Problem: Check every line below for the word "object" and copy the ones that have it.

(Dataset excerpts Opens)

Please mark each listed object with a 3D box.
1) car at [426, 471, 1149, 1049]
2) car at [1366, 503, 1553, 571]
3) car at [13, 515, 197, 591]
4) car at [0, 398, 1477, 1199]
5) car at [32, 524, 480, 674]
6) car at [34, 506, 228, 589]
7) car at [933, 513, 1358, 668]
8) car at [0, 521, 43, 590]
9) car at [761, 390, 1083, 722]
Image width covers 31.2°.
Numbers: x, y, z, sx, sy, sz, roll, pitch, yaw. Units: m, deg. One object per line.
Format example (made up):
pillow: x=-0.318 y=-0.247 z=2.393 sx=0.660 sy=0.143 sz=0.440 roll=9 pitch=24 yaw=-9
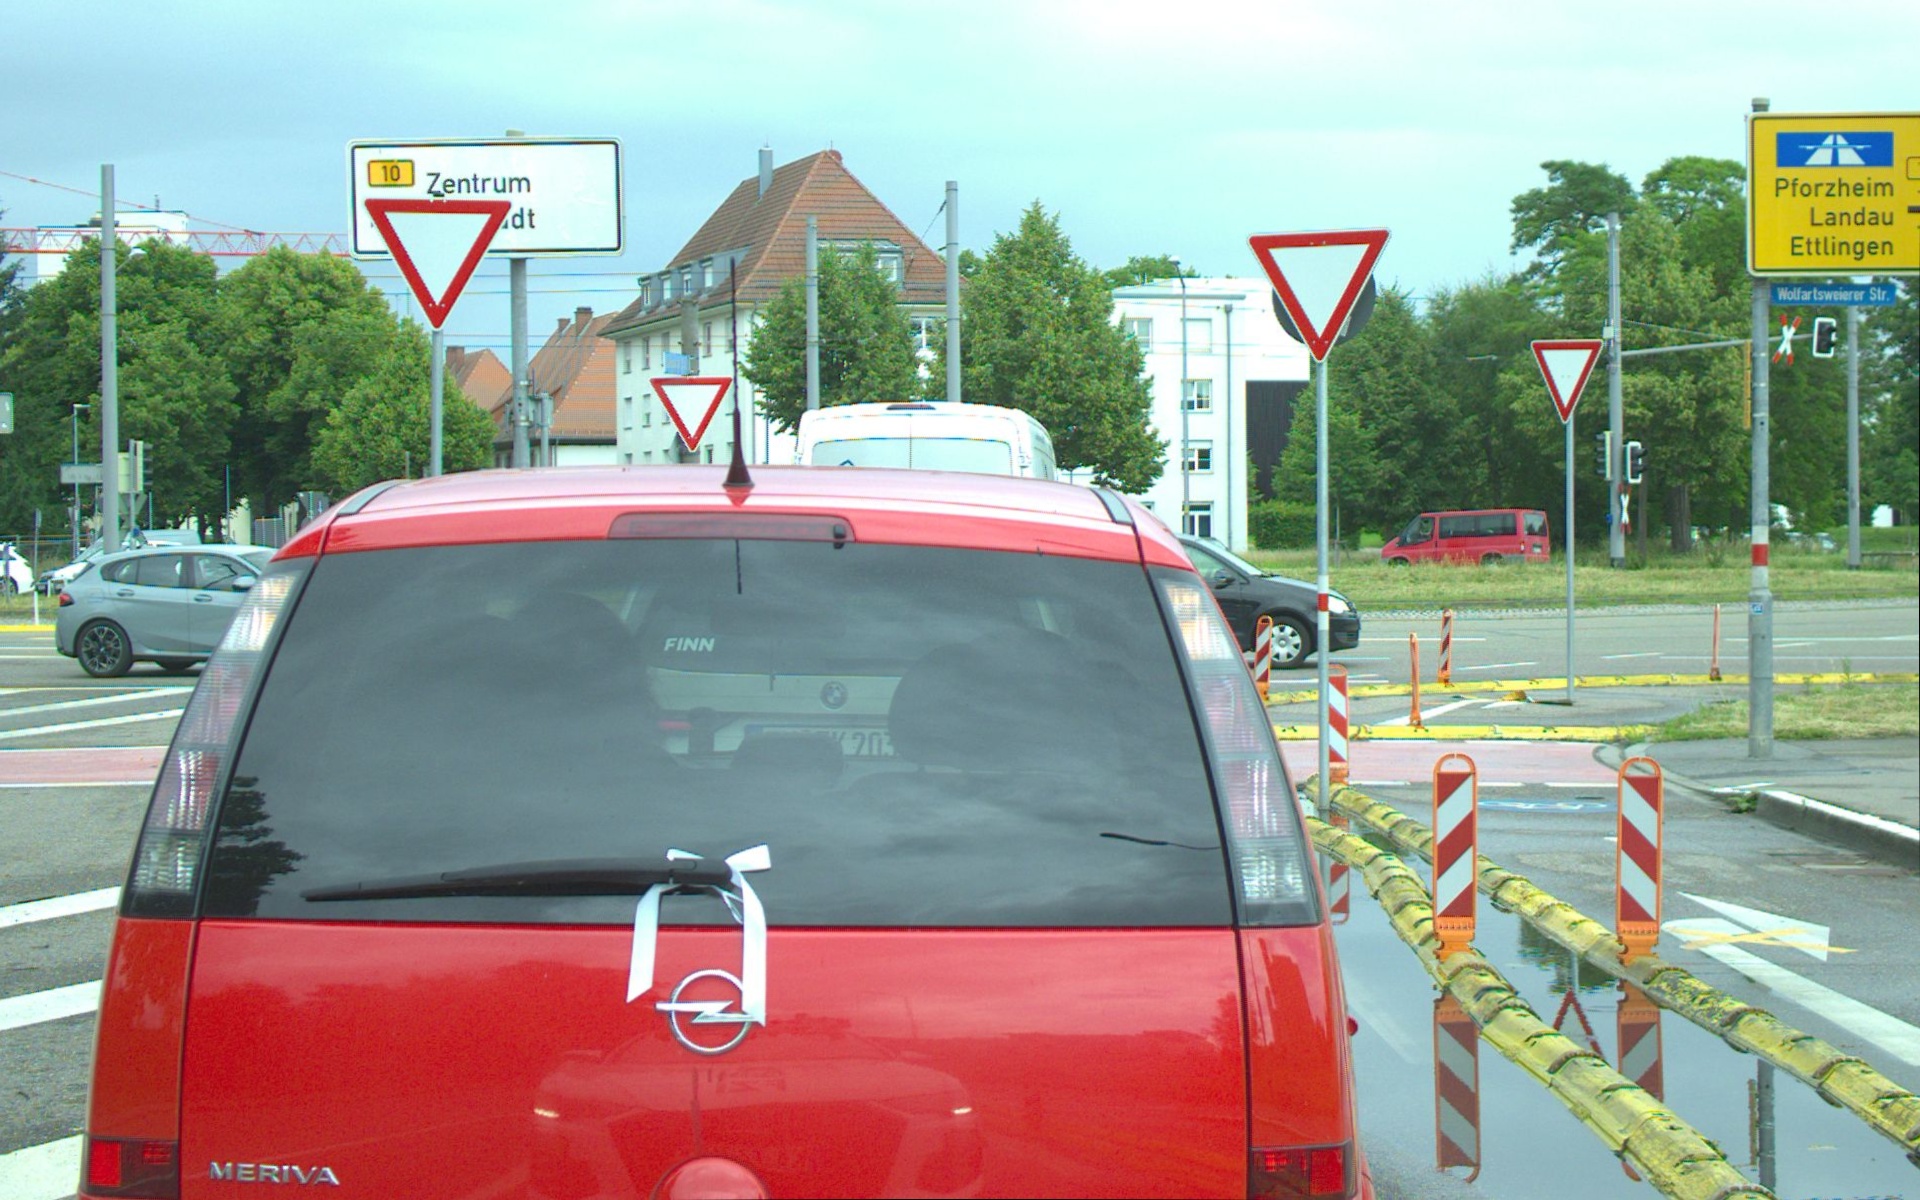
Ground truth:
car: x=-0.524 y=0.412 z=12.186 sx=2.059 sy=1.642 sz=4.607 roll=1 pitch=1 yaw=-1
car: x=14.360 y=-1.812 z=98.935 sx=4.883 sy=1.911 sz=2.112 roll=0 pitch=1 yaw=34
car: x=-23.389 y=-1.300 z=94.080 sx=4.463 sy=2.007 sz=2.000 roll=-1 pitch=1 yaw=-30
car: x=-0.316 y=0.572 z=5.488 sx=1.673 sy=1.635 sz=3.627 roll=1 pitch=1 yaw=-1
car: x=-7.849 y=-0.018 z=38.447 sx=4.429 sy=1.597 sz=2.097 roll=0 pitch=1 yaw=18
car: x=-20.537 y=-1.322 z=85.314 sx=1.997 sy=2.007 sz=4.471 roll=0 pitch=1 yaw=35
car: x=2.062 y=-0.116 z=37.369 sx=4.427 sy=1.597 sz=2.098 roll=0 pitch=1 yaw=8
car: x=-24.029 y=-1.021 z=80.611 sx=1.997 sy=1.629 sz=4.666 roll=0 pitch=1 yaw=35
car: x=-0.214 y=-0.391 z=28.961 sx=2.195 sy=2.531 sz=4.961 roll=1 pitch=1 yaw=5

(Dataset excerpts Closes)

Answer for the task:
Please mark each listed object with a 3D box.
Numbers: x, y, z, sx, sy, sz, roll, pitch, yaw. Units: m, deg. One object per line.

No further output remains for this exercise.